The best year for movies yet is 1978. And the first time all of my top films are actually good.

13. Coming Home - I don't generally like depressing movies, and this is a Depressing Movie. It's redeemed by the great performances by Jon Voight, Jane Fonda and Bruce Dern.

12. Interiors - Woody Allen follows up the best romantic comedy ever with. . .his most boring movie ever. Like Coming Home, this is Depressing, but there is also some terrific acting. But if you wanted to watch a Bergman movie, you should just watch a Bergman movie. Allen would get better at serious movies. This has the same relation to, say, Crimes And Misdemeanors as Hollywood Ending has to Sleeper.
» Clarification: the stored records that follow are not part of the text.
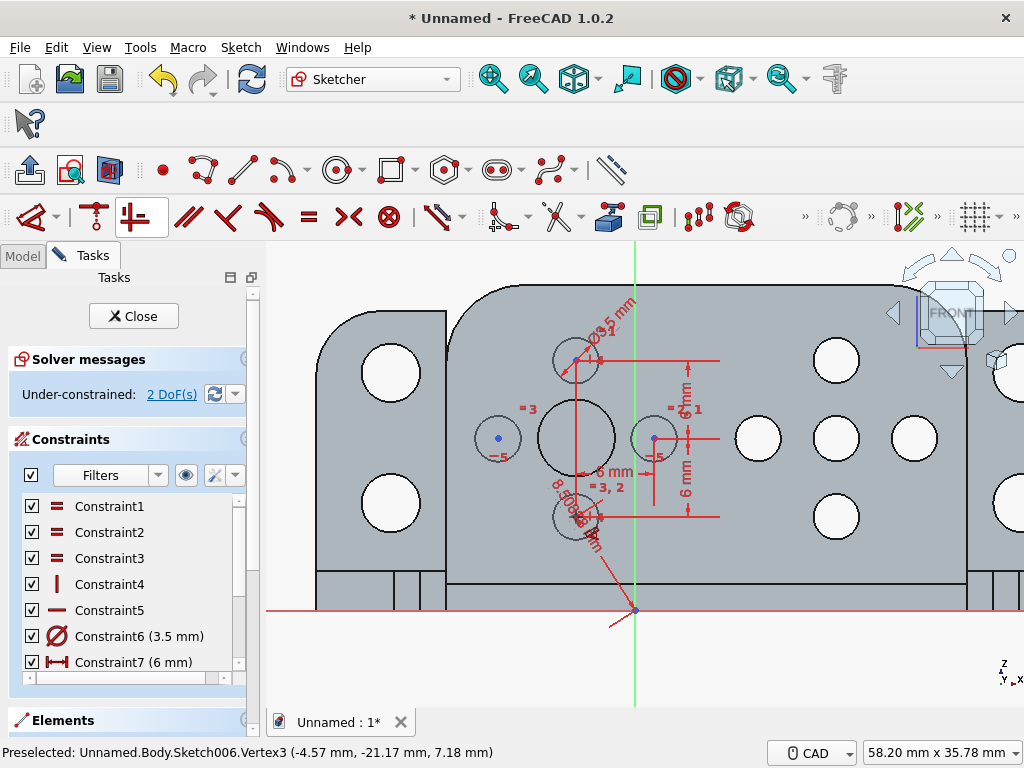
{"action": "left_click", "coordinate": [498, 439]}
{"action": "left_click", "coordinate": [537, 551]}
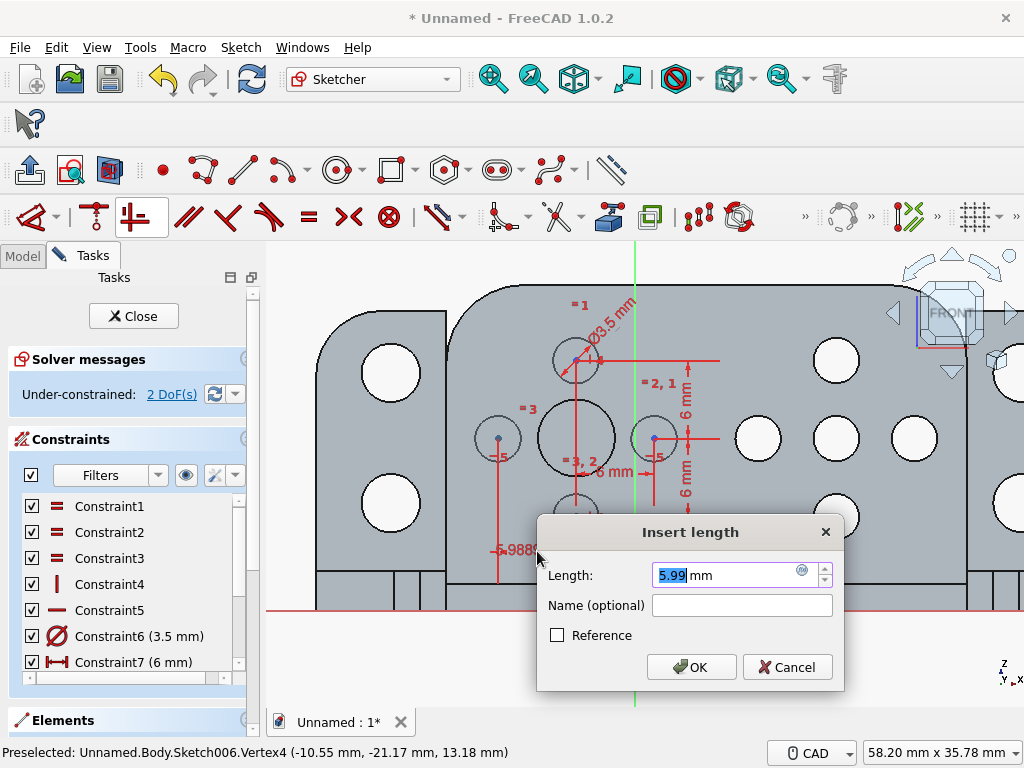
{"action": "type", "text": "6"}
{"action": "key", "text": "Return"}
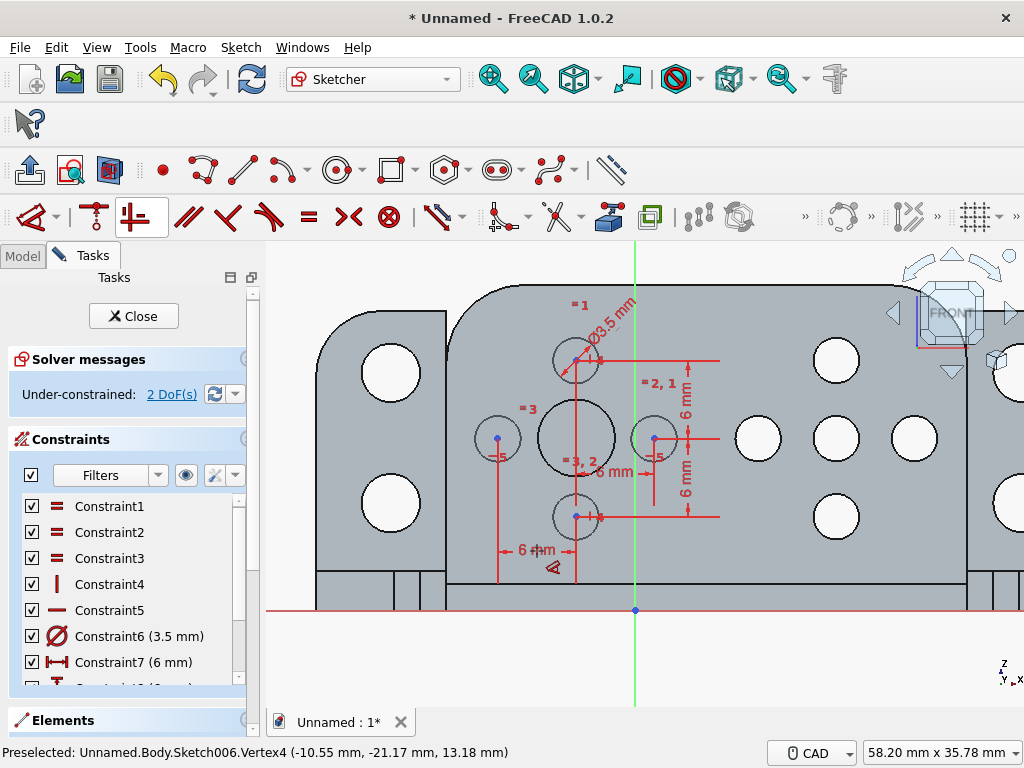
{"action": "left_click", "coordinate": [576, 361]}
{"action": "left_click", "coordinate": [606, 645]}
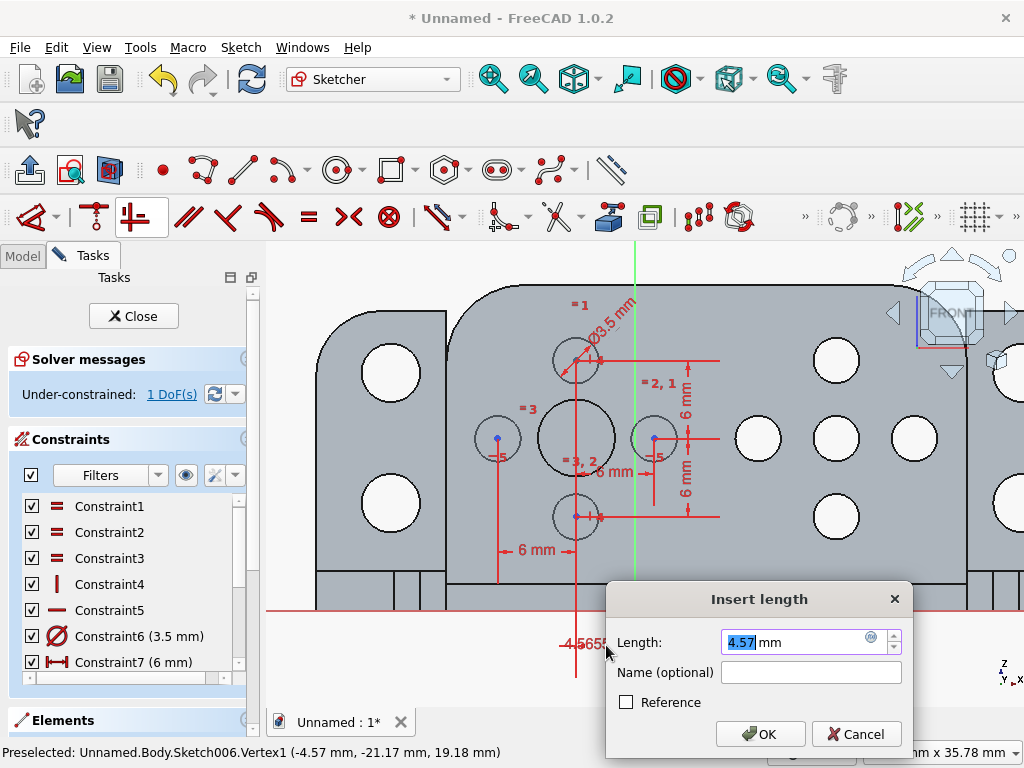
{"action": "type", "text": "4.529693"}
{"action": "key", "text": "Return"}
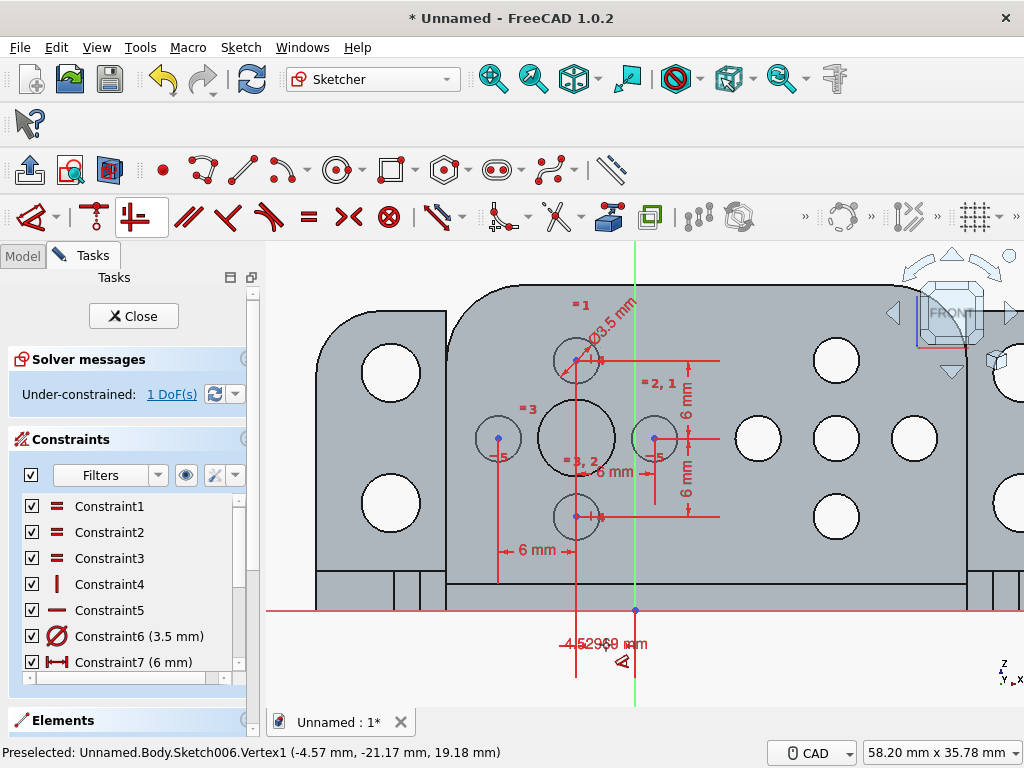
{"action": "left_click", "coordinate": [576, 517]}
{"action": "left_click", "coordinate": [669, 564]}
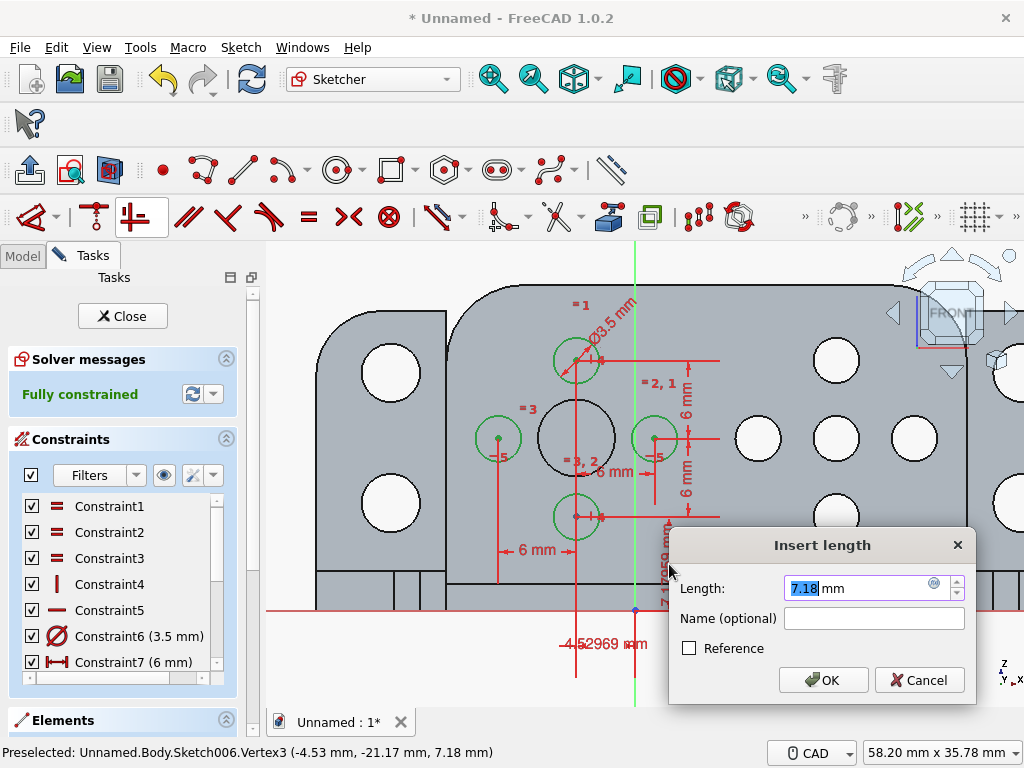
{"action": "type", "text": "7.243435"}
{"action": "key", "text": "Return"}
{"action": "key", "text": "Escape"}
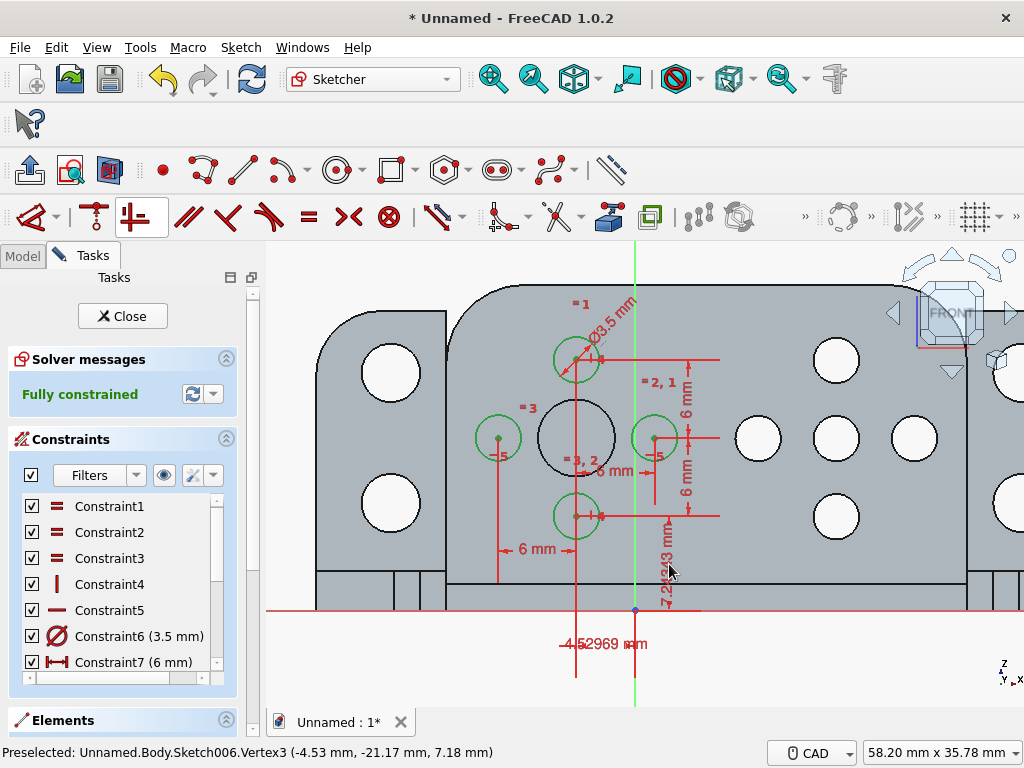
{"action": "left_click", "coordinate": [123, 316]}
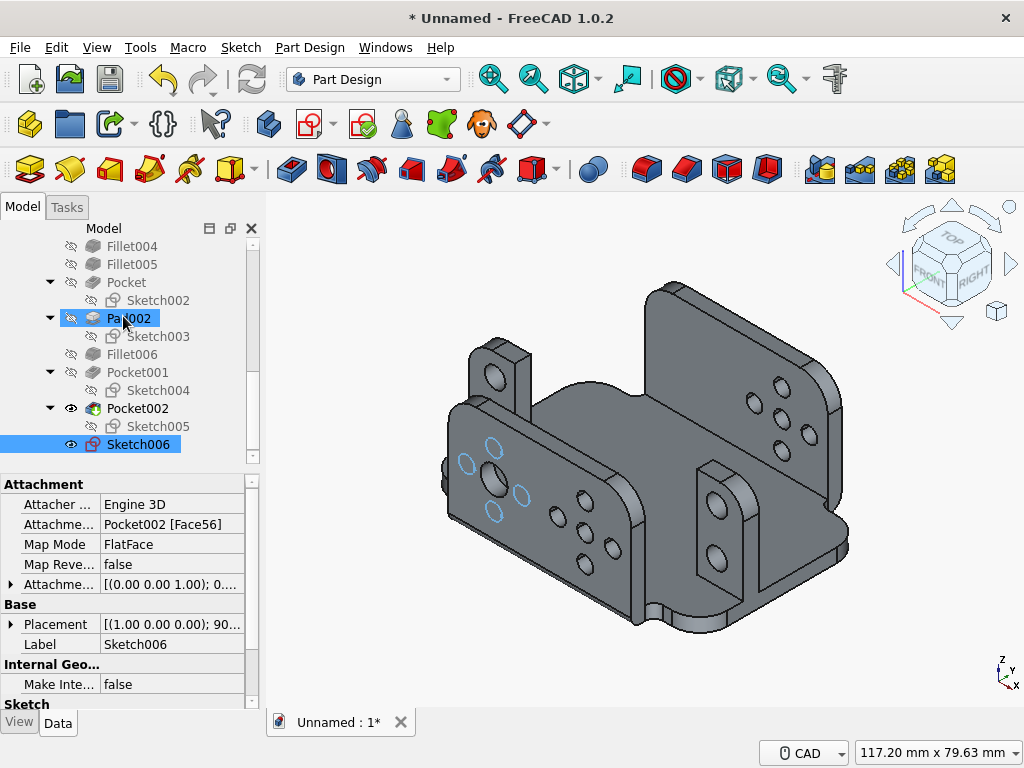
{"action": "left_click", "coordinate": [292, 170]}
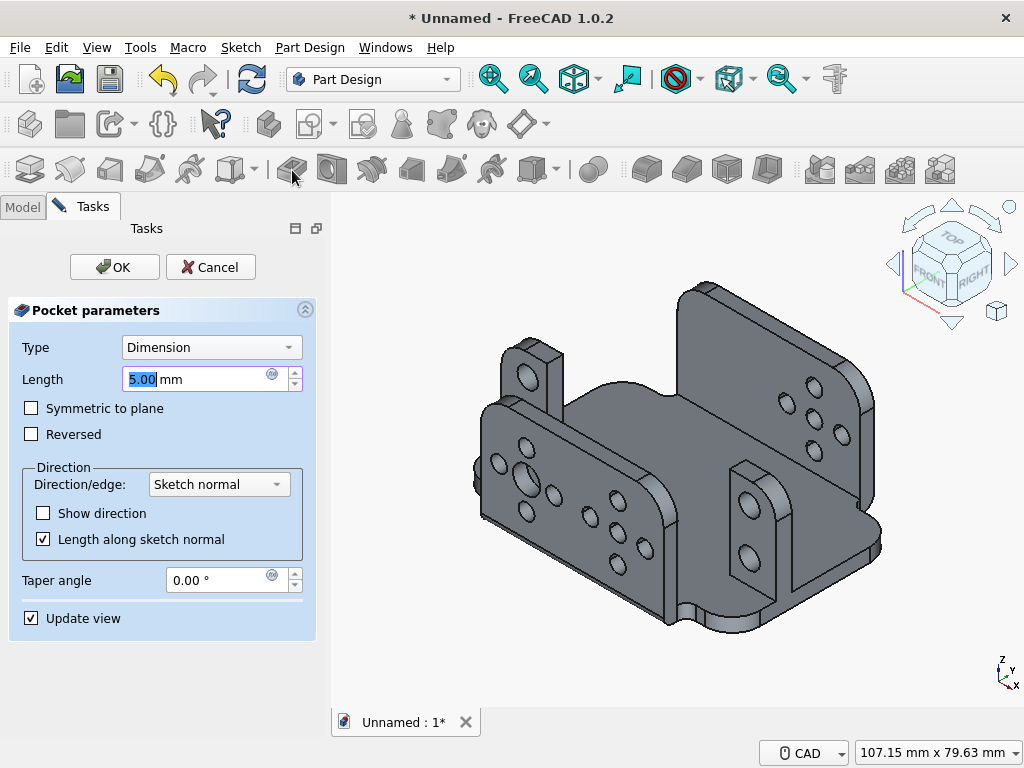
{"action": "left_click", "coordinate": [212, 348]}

11. Game Of Death - Bruce Lee only made half of this before he died, but they released it anyway, with a different actor pretending to be Lee through much of the movie. Really, you're better off just skipping ahead to the climax, wherein the actual Lee has to fight his way up a tower (including a tremendous scene with Kareem Abdul-Jabbar) to get to the bad guy.

10. The Five Deadly Venoms - A Shaw Brothers genre film, built around a fairly tedious mystery plot. Really picks up towards the end when the fighting starts.

9. Grease - A very strange film. I've only seen it once, unlike, apparently, everyone else. More interesting than funny. There's some catchy songs, but I like dancing in my musicals and none of the sequences here stick in my memory.

8. Halloween - The best film of its genre, not counting Alien. But I'm not a real fan of the genre. It towers above its competition, really. Genuinely scary.

7. Dawn Of The Dead - Zombies invade a shopping mall: pure genius. The best of Romero's Zombie Quartet and the one where his anti-capitalist metaphor works the best. Watch the long version.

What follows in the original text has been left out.